Still, model mechanics matter because agents create unusual inference workloads:

long context windows
many short turns
tool-call interruptions
streaming tokens
retries and repair loops
multiple subagents
background cron runs
local/edge deployment

If you do not understand the model under the API, you will misdiagnose performance.

Examples:

Symptom	Model-level explanation
first token is slow	prefill over the full prompt/context is expensive
later tokens stream steadily	decode reuses KV cache and generates one token at a time
long sessions get slower	attention and KV memory grow with context
batch serving helps throughput	multiple requests share GPU work more efficiently
tool-heavy agents feel bursty	execution alternates between CPU/IO tools and GPU inference

Agent systems are runtime systems, but their runtime behavior is shaped by transformer inference.

2. What the reference repo builds¶

The reference project is a hands-on workshop titled Train Your Own LLM From Scratch.

It targets a small GPT-style model, not a production-scale frontier model.

The project has learners write:

character-level tokenizer
transformer model architecture
training loop
text generation and sampling
experiments on real data

The repository describes three workshop model sizes:

Config	Approx params	Layers	Heads	Embedding dim	Example train time
Tiny	~0.5M	2	2	128	minutes
Small	~4M	4	4	256	tens of minutes
Medium	~10M	6	6	384	under an hour on an M3 Pro-class machine

This scale is intentionally small.

That is the point.

You can see every component without distributed training, tokenizer complexity, or cluster infrastructure hiding the basics.

3. Pipeline overview¶

A minimal GPT pipeline:

raw text
  -> tokenizer
  -> token ids
  -> token embedding + position embedding
  -> repeated transformer blocks
  -> final layer norm
  -> linear projection to logits
  -> loss during training
  -> sampling during inference

Training path:

token batch
  -> forward pass
  -> logits
  -> cross-entropy loss
  -> backward pass
  -> optimizer step

Inference path:

prompt tokens
  -> forward pass
  -> next-token logits
  -> sample/select token
  -> append token
  -> repeat

The same model is used in both paths.

The workload is different.

Training does forward and backward over batches.

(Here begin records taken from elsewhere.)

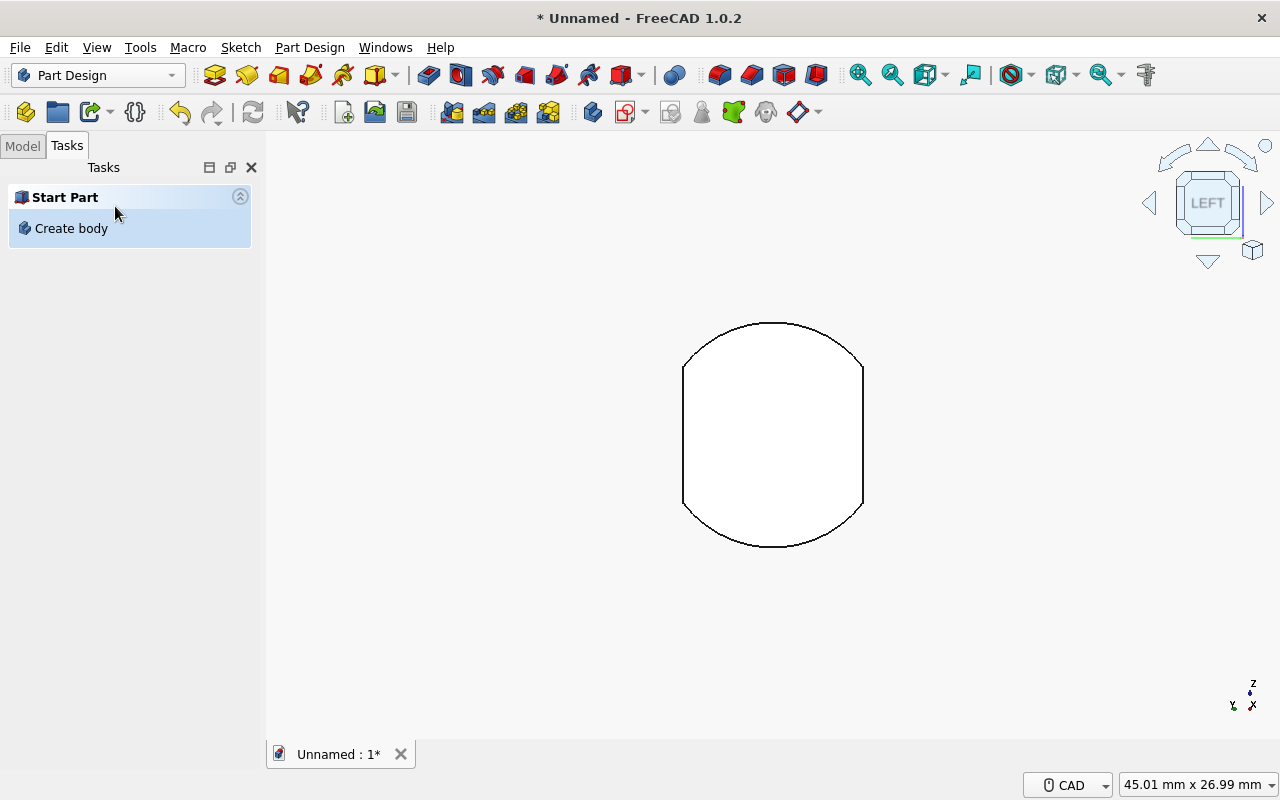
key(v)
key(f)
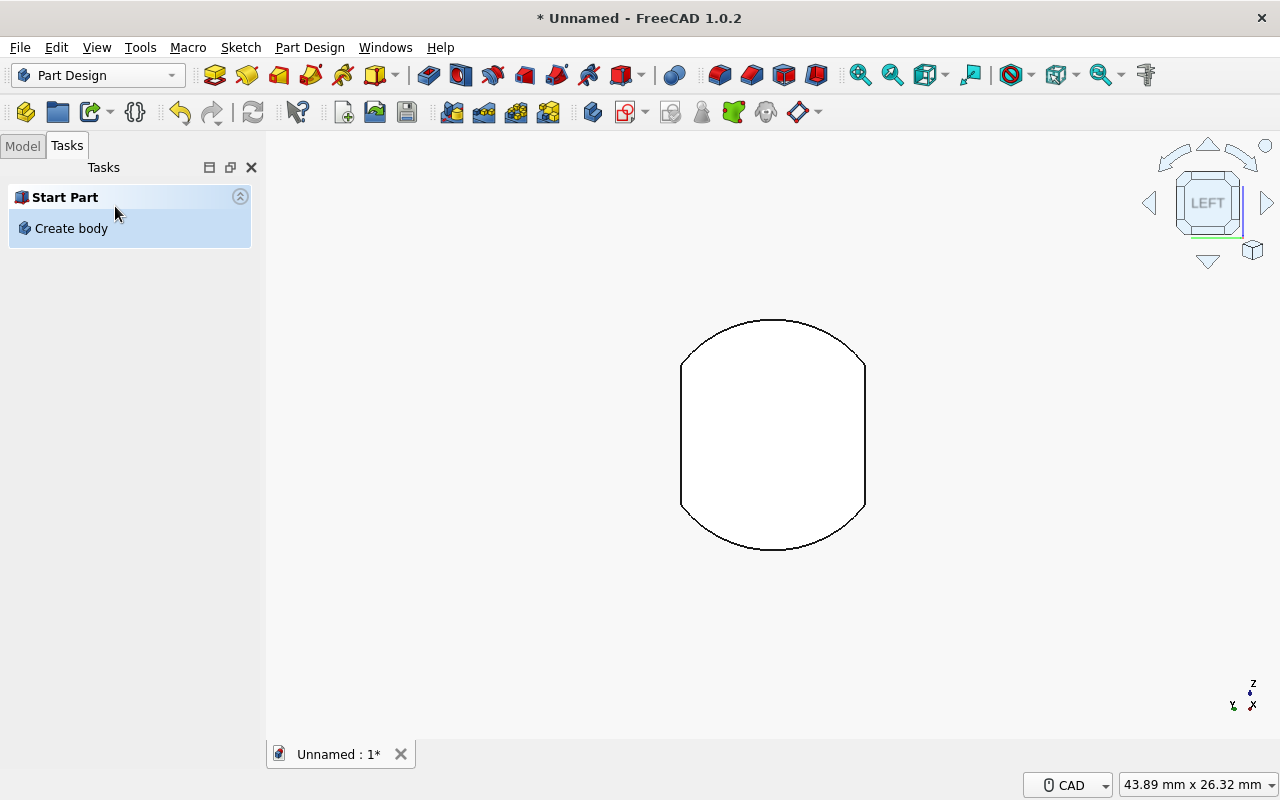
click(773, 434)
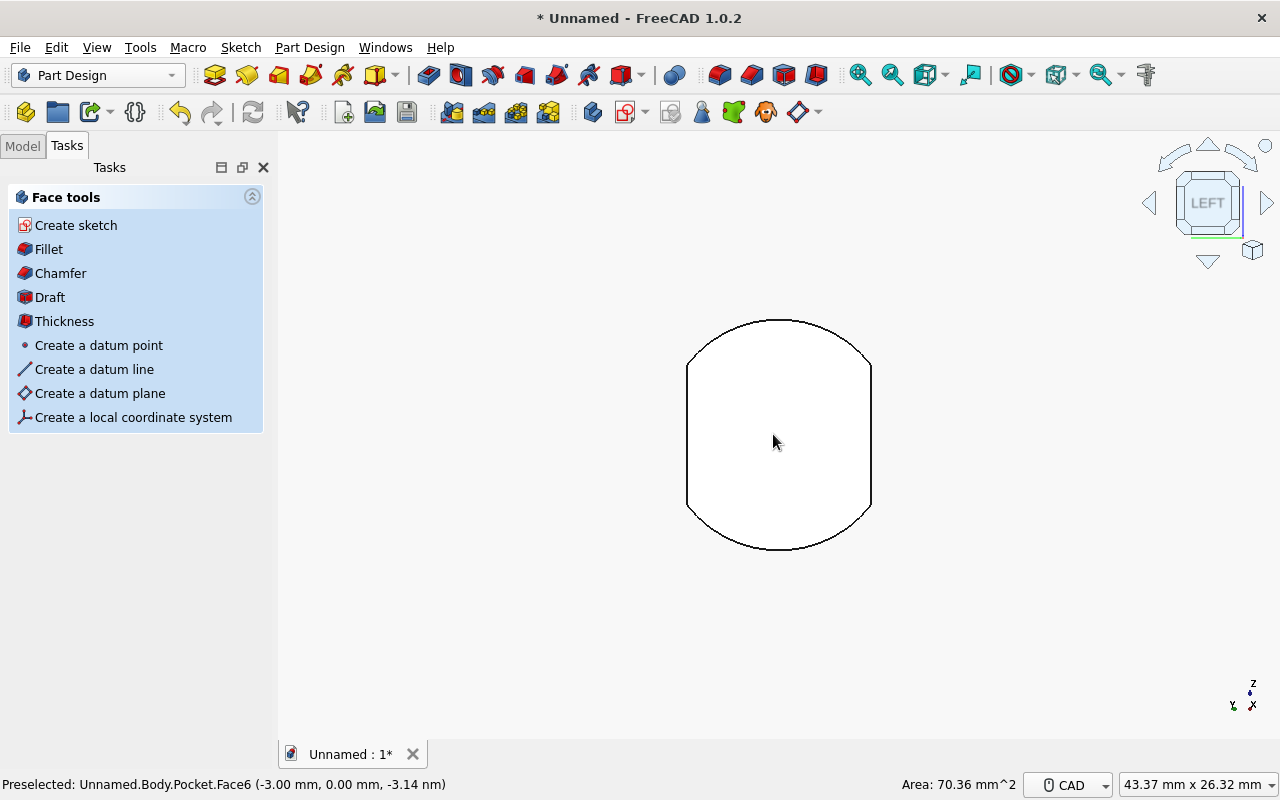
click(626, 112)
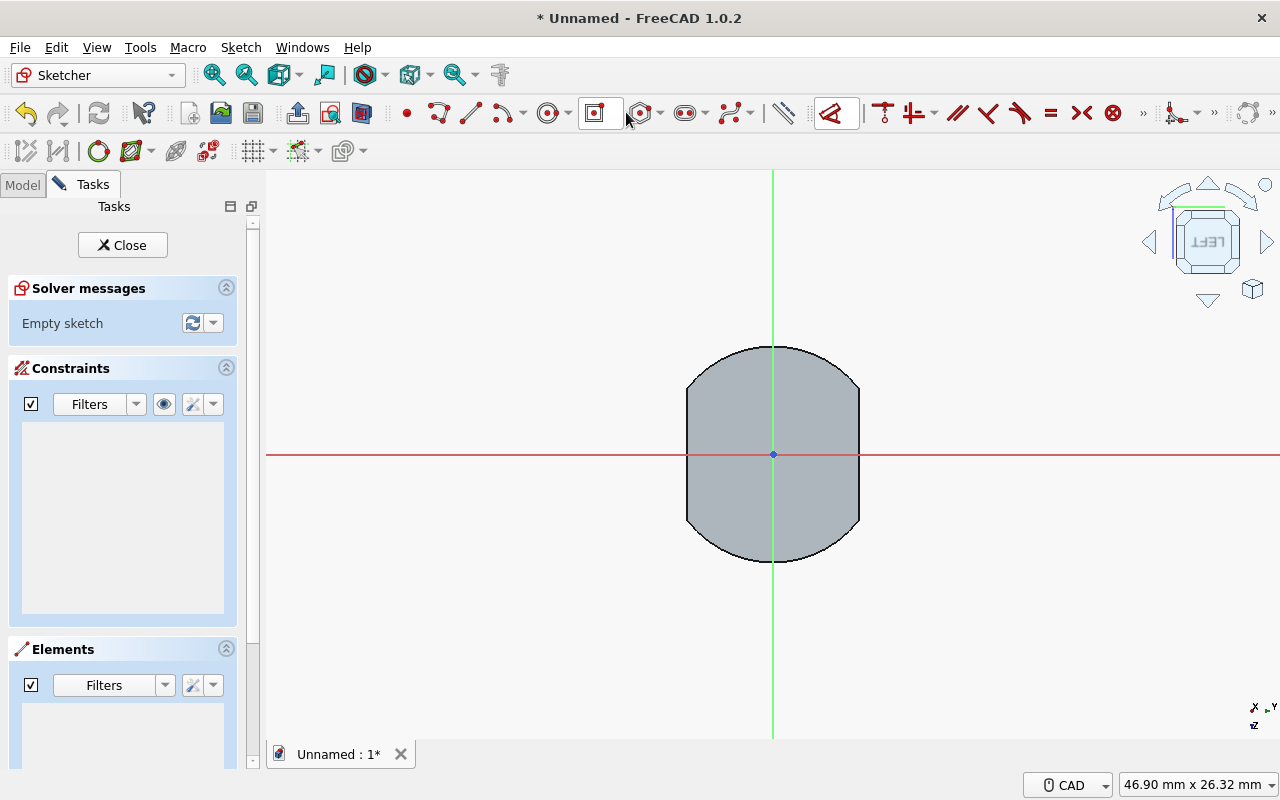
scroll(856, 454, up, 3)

Inference usually does prefill once and decode repeatedly.

4. Tokenization is not a detail¶

The workshop uses character-level tokenization for Shakespeare.

Why?

Because the dataset is small.

A GPT-2-style BPE vocabulary has roughly 50k tokens. On a tiny dataset, many token patterns are too rare for a small model to learn useful structure.

Character-level tokenization gives a tiny vocabulary:

vocab_size ≈ tens of characters

Tradeoff:

Tokenizer	Benefit	Cost
Character-level	simple, works on small data, easy to inspect	longer sequences
BPE/subword	shorter sequences, production-like	needs larger data and more machinery

Hardware implication:

tokenizer choice changes sequence length,
sequence length changes attention cost,
attention cost changes memory and latency.

For agent systems, tokenization affects:

prompt size
context-window usage
retrieval chunk size
cost accounting
KV-cache memory
latency

5. Transformer block anatomy¶

A basic GPT block:

x
  -> LayerNorm
  -> self-attention
  -> residual add
  -> LayerNorm
  -> MLP / feed-forward
  -> residual add

Key components:

Component	Job
token embedding	maps token IDs to vectors
position embedding	tells model where tokens are in sequence
Q/K/V projections	create query, key, value vectors for attention
attention scores	decide which earlier tokens matter
softmax	turns scores into weights
attention output	mixes value vectors according to weights
MLP	per-token nonlinear transformation
residuals	preserve information and stabilize optimization
layer norm	stabilizes activations

GPU view:

linear layers = matrix multiplies
attention = matmul + softmax + matmul
MLP = large matrix multiplies + activation

This is where CUDA/TensorRT/kernel engineers enter.

6. Training loop mechanics¶

Minimal training loop:

for each step:
  sample batch
  forward model
  compute cross-entropy loss
  zero gradients
  backward loss
  clip gradients if needed
  optimizer step
  update learning rate schedule
  periodically evaluate/generate sample text

Important pieces:

Piece	Why it matters
batch size	affects throughput and memory
block size	sequence length per sample
loss	tells model how wrong next-token prediction was
AdamW	common optimizer for transformer training
gradient clipping	prevents unstable updates
learning-rate schedule	avoids bad convergence

Training is not just inference repeated.

Backward pass and optimizer state dominate memory.

For a small workshop model, that is manageable.

For production-scale models, it becomes a distributed systems problem.

7. Inference and sampling¶

Generation loop:

prompt tokens
  -> model
  -> logits for next token
  -> adjust logits with temperature/top-k
  -> sample next token
  -> append token
  -> repeat

Important concepts:

Concept	Meaning
logits	raw scores for each possible next token
temperature	controls randomness
top-k	restricts sampling to the k strongest candidates
autoregressive decoding	generated token becomes input for the next step

Agent implication:

Every assistant response is a decode loop.

Streaming is just exposing that loop token-by-token or chunk-by-chunk.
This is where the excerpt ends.